INSTRUCTIONS TO FOLLOW: After locating the line containing "Answer: Yes What", transcribe that line and all following lines exactly, stopping only at the end of the records.

* * * * * * * * *

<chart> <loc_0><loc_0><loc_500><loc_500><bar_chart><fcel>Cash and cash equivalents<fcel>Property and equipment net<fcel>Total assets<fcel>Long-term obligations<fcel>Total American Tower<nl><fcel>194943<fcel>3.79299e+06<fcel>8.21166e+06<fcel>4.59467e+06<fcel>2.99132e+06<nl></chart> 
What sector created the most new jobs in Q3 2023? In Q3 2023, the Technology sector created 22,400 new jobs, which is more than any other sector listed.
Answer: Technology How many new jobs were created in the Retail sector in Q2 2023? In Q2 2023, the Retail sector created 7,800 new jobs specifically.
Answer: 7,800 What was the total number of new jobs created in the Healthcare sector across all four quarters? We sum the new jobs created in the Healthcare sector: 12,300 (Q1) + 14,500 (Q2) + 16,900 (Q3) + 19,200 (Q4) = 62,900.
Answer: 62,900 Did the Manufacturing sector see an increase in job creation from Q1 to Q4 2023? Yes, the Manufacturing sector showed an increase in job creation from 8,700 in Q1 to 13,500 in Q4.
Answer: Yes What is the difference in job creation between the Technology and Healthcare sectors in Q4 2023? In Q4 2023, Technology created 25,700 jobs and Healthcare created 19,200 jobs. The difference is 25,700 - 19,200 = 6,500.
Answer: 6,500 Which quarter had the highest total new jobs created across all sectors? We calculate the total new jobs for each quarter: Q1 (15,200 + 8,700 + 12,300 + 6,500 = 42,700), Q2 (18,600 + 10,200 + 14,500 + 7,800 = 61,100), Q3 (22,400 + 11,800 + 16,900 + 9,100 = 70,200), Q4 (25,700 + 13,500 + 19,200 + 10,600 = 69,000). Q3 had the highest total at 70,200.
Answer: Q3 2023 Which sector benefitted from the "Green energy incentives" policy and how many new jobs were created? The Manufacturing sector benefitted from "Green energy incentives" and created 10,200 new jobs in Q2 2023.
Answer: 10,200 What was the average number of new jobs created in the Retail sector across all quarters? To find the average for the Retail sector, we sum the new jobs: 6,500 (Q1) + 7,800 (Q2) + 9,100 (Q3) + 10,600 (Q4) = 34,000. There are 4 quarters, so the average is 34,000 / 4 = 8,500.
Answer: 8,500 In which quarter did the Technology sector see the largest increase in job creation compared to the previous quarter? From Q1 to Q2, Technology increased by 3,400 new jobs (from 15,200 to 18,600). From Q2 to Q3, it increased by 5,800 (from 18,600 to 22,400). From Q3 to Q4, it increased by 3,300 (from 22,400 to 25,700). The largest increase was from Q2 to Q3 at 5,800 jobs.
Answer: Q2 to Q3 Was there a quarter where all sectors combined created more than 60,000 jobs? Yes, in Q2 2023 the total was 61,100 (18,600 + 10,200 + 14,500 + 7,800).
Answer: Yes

* * * * * * * * *

TASK RESULT:
Answer: Yes What is the difference in job creation between the Technology and Healthcare sectors in Q4 2023? In Q4 2023, Technology created 25,700 jobs and Healthcare created 19,200 jobs. The difference is 25,700 - 19,200 = 6,500.
Answer: 6,500 Which quarter had the highest total new jobs created across all sectors? We calculate the total new jobs for each quarter: Q1 (15,200 + 8,700 + 12,300 + 6,500 = 42,700), Q2 (18,600 + 10,200 + 14,500 + 7,800 = 61,100), Q3 (22,400 + 11,800 + 16,900 + 9,100 = 70,200), Q4 (25,700 + 13,500 + 19,200 + 10,600 = 69,000). Q3 had the highest total at 70,200.
Answer: Q3 2023 Which sector benefitted from the "Green energy incentives" policy and how many new jobs were created? The Manufacturing sector benefitted from "Green energy incentives" and created 10,200 new jobs in Q2 2023.
Answer: 10,200 What was the average number of new jobs created in the Retail sector across all quarters? To find the average for the Retail sector, we sum the new jobs: 6,500 (Q1) + 7,800 (Q2) + 9,100 (Q3) + 10,600 (Q4) = 34,000. There are 4 quarters, so the average is 34,000 / 4 = 8,500.
Answer: 8,500 In which quarter did the Technology sector see the largest increase in job creation compared to the previous quarter? From Q1 to Q2, Technology increased by 3,400 new jobs (from 15,200 to 18,600). From Q2 to Q3, it increased by 5,800 (from 18,600 to 22,400). From Q3 to Q4, it increased by 3,300 (from 22,400 to 25,700). The largest increase was from Q2 to Q3 at 5,800 jobs.
Answer: Q2 to Q3 Was there a quarter where all sectors combined created more than 60,000 jobs? Yes, in Q2 2023 the total was 61,100 (18,600 + 10,200 + 14,500 + 7,800).
Answer: Yes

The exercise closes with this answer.